On April 1, 2009, the Government of Ontario announced that it would provide funding for construction of this line from Humber College to Don Mills station via Finch West and Finch stations, opening in 2013. In March 2010, the Ontario government budgeted less for building transit. As a result, it eliminated the proposed section of the line east of Finch West station.

In December 2010, Mayor Rob Ford cancelled the line after taking office. However, in February 2012, city council voted to restore the project, along with the Eglinton Crosstown LRT (later renamed Line 5 Eglinton), as part of a new transit plan, restoring some of the elements of the Transit City proposal over Mayor Ford's objections.

In April 2012, Metrolinx proposed to start construction on the Finch West LRT in 2015, with the line opening in 2018. By November 2012, when the city and province signed an LRT master agreement, construction for the line was to begin in 2015 for completion in 2020. In April 2015, the province announced that construction of the line would start in 2016 for completion in 2021.

Procurement 
In September 2015, the Government of Ontario announced that its agency, Infrastructure Ontario, would search for a contractor to design, build, finance and maintain the Finch West LRT. The successful contractor would be chosen by 2017. The Request for Proposal (RFP) was released to select companies in February 2016 and closed on December 20, 2017.

In May 2017, Metrolinx confirmed that it had entered into an agreement with Alstom to build 17 light rail vehicles for Line 6 Finch West. In September 2017, Metrolinx announced the line would not open until 2022 at the earliest, blaming the delay on uncertainty with the Bombardier vehicle supply.
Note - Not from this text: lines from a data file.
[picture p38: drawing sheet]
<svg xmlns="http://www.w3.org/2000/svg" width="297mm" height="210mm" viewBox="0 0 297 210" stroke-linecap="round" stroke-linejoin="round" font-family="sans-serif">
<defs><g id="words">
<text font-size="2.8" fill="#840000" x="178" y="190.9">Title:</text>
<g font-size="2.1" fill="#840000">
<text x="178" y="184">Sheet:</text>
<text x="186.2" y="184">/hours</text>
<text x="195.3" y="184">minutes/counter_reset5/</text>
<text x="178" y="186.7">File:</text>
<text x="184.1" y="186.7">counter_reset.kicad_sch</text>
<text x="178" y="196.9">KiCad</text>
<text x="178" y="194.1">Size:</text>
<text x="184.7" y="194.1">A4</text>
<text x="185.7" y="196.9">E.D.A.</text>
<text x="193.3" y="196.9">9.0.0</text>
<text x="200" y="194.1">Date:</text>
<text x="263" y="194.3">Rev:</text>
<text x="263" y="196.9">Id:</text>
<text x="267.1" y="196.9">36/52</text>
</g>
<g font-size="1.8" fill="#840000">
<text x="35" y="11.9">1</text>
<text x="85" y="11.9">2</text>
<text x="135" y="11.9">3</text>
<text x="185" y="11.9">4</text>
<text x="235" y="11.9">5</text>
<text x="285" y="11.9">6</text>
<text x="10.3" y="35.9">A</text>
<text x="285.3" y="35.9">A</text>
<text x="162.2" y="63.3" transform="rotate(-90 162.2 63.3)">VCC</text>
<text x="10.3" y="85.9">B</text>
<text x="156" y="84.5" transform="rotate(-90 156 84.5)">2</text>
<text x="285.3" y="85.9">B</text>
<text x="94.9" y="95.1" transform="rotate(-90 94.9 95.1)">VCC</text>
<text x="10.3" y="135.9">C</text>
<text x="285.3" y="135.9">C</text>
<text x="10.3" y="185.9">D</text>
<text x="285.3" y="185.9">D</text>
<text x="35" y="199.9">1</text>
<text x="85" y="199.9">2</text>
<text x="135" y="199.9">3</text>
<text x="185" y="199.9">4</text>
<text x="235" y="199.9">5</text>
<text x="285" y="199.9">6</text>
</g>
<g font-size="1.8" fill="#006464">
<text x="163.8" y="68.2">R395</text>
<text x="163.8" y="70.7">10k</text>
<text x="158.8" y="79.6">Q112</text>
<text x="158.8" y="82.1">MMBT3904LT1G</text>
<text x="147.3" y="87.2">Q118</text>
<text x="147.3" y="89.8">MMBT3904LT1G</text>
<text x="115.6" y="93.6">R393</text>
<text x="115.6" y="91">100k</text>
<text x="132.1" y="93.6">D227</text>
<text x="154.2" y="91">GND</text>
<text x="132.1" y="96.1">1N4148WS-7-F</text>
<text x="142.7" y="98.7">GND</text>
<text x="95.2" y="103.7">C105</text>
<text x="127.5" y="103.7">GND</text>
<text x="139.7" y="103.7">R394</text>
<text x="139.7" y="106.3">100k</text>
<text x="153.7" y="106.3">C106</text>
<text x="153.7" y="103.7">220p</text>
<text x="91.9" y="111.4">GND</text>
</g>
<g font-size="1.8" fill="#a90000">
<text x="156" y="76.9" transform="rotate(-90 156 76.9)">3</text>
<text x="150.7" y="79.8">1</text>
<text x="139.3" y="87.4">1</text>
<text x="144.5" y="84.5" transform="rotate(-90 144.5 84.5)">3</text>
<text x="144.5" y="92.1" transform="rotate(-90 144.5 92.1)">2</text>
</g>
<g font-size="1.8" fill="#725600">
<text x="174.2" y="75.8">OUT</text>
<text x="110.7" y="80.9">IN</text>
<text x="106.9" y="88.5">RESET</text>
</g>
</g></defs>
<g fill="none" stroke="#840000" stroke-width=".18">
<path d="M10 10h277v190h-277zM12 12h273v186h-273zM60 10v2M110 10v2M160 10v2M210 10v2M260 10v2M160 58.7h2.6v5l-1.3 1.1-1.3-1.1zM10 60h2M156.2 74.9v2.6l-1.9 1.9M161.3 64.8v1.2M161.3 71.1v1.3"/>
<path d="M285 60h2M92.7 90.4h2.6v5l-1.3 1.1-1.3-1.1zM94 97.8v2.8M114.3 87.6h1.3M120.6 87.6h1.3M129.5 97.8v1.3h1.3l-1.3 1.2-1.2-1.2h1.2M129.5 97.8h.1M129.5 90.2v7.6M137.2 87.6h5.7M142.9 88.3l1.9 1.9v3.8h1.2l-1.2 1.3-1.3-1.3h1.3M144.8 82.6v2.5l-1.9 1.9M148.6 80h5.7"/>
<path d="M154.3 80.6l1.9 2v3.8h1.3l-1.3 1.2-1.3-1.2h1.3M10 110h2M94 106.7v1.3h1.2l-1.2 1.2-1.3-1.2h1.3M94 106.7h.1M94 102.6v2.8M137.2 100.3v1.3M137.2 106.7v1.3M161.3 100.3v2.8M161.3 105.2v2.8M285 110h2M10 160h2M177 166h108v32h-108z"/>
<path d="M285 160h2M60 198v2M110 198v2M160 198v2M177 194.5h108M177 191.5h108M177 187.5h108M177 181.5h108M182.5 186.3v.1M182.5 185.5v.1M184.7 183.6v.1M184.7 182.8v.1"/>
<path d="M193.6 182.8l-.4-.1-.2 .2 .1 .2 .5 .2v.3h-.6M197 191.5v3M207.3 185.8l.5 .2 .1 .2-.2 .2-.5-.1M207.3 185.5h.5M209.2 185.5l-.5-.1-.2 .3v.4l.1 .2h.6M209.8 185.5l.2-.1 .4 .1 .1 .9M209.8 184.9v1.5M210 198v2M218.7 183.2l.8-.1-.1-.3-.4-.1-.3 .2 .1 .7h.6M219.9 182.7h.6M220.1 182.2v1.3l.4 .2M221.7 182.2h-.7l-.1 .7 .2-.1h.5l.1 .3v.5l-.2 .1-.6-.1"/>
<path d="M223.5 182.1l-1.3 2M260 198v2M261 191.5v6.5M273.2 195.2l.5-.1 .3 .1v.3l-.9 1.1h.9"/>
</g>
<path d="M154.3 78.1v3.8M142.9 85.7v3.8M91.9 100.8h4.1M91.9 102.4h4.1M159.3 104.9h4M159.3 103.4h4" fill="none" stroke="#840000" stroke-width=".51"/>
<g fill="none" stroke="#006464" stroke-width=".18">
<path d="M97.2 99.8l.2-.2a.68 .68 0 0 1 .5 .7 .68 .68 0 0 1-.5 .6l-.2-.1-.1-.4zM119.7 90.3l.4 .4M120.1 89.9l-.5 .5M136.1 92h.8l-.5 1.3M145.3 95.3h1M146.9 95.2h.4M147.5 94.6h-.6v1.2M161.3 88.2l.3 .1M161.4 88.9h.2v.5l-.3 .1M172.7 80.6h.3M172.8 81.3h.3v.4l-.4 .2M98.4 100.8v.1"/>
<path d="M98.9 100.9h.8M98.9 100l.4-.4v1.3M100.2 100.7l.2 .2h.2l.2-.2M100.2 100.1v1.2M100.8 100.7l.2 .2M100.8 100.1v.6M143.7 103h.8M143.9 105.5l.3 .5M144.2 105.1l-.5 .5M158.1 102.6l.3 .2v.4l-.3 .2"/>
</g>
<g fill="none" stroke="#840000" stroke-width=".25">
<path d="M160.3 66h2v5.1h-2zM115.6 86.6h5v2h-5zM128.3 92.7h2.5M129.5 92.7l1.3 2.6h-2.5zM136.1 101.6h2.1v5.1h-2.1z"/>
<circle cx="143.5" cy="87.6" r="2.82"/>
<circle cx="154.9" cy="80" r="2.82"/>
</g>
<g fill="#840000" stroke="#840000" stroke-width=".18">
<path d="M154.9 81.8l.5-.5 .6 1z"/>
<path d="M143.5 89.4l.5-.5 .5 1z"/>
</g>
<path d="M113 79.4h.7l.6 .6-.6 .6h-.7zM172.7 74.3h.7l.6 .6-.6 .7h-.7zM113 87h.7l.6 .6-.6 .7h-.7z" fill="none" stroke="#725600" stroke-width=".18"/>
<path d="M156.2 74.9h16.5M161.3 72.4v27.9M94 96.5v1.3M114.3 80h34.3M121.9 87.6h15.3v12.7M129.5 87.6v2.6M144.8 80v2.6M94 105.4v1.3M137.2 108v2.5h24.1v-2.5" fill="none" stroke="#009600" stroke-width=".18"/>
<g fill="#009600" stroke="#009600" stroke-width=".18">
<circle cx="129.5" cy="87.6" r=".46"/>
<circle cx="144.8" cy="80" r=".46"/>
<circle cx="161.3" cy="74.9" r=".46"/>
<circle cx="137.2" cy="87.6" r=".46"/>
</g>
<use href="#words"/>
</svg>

In April 2018, Mosaic Transit Group, a consortium of ACS Infrastructure Canada Inc., Aecon, and CRH Canada Group Inc., was selected to build the transit line. After consultation with Mosaic on a construction schedule, Metrolinx delayed projected completion of the line to 2023, ten years after the originally announced date. That May, Infrastructure Ontario and Metrolinx announced that Mosaic had signed a contract to design, build, and finance the construction of the line and stations, and to maintain them for 30 years after their initial opening.

Effective June 20, 2021, the TTC renumbered the Bay bus route from 6 to 19 to free up the route number 6 for the Finch West line.

Construction 

Initial preparatory utility works began in 2016. Enbridge Gas Distribution relocated natural gas pipelines lower within the roadway to allow for an appropriate depth beneath the proposed track-bed. Other utility work followed, with replacement and relocation of watermains, hydro poles and hydro cables. In the second quarter of 2019, substantial construction of the project began with work on the maintenance and storage facility (MSF).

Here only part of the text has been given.